Our day started off with a train to Pisa, where we picked up a rental car (we'll drop it off in Venice). As much as I was anxious about driving in Italy, I knew that the landscapes and little towns we want to experience are just not reachable any other way. I must have asked the guy at the counter 20 questions about road signs and toll protocol. Jess was an awesome navigator, considering the crazy route we chose that was basically all small winding roads with an infamous town (to us) called poggibonsi (poochee boojee). It was beautiful, but took us hours longer than the faster autostrade. A notable driving moment was when we hit a stoplight at the top of a hill of a town (pop 15 maybe?). There was not a car or person in sight but we obeyed the sign that directed "red light time: 3 min. Turn off your engine."
We routed through Volterra for the alabaster-making history on our parents' recommendation...and because it's of Twilight fame. We parked outside the town wall and walked through a gate down stone and brickways...in many ways similar to the winding and tall streets of places we've been but at the same time a completely different feel. It's so fortified.
We had the biggest calzones of our lives for a late lunch and visited the alabaster worskshop. Volterra was a highlight for sure--especially because we didn't get a parking ticket (past experience has me paranoid, I'm just never confident in my interpretation of the signage here).

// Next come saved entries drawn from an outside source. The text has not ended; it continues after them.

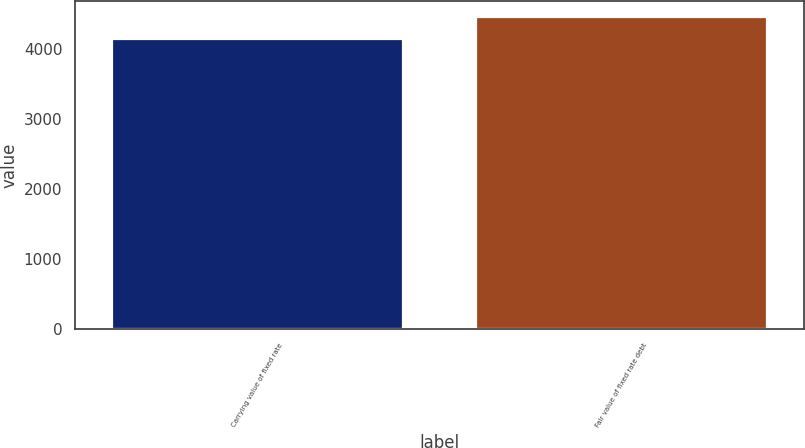Convert chart. <chart><loc_0><loc_0><loc_500><loc_500><bar_chart><fcel>Carrying value of fixed rate<fcel>Fair value of fixed rate debt<nl><fcel>4146<fcel>4470<nl></chart> 
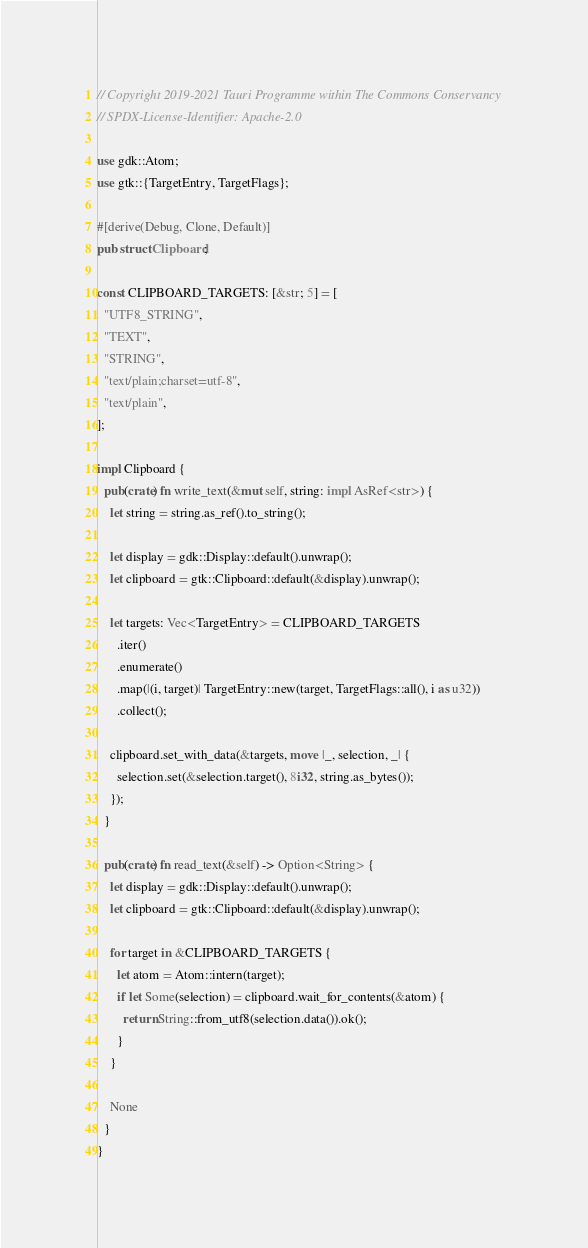Convert code to text. <code><loc_0><loc_0><loc_500><loc_500><_Rust_>// Copyright 2019-2021 Tauri Programme within The Commons Conservancy
// SPDX-License-Identifier: Apache-2.0

use gdk::Atom;
use gtk::{TargetEntry, TargetFlags};

#[derive(Debug, Clone, Default)]
pub struct Clipboard;

const CLIPBOARD_TARGETS: [&str; 5] = [
  "UTF8_STRING",
  "TEXT",
  "STRING",
  "text/plain;charset=utf-8",
  "text/plain",
];

impl Clipboard {
  pub(crate) fn write_text(&mut self, string: impl AsRef<str>) {
    let string = string.as_ref().to_string();

    let display = gdk::Display::default().unwrap();
    let clipboard = gtk::Clipboard::default(&display).unwrap();

    let targets: Vec<TargetEntry> = CLIPBOARD_TARGETS
      .iter()
      .enumerate()
      .map(|(i, target)| TargetEntry::new(target, TargetFlags::all(), i as u32))
      .collect();

    clipboard.set_with_data(&targets, move |_, selection, _| {
      selection.set(&selection.target(), 8i32, string.as_bytes());
    });
  }

  pub(crate) fn read_text(&self) -> Option<String> {
    let display = gdk::Display::default().unwrap();
    let clipboard = gtk::Clipboard::default(&display).unwrap();

    for target in &CLIPBOARD_TARGETS {
      let atom = Atom::intern(target);
      if let Some(selection) = clipboard.wait_for_contents(&atom) {
        return String::from_utf8(selection.data()).ok();
      }
    }

    None
  }
}
</code> 
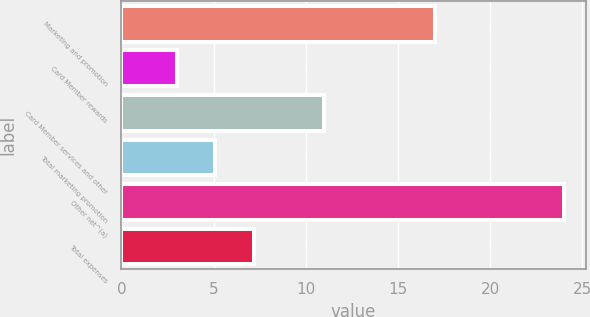<chart> <loc_0><loc_0><loc_500><loc_500><bar_chart><fcel>Marketing and promotion<fcel>Card Member rewards<fcel>Card Member services and other<fcel>Total marketing promotion<fcel>Other net^(a)<fcel>Total expenses<nl><fcel>17<fcel>3<fcel>11<fcel>5.1<fcel>24<fcel>7.2<nl></chart>

After a lot of driving and some handholding from a little old lady, we finally found our place, in a little hamlet (collection of buildings) at the top of the hill called Borgo di Dudda. I dare you to find it on a map...it's near Greve in Chianti, in fact that's where we had to go to find dinner and luckily a little wifi. The neighbor and about 14 feral cats and one very protective dog received us.
We're settled now. We're fed, showered (a story in itself), and happy to rest and recoup for a new day tomorrow. The adventure continues!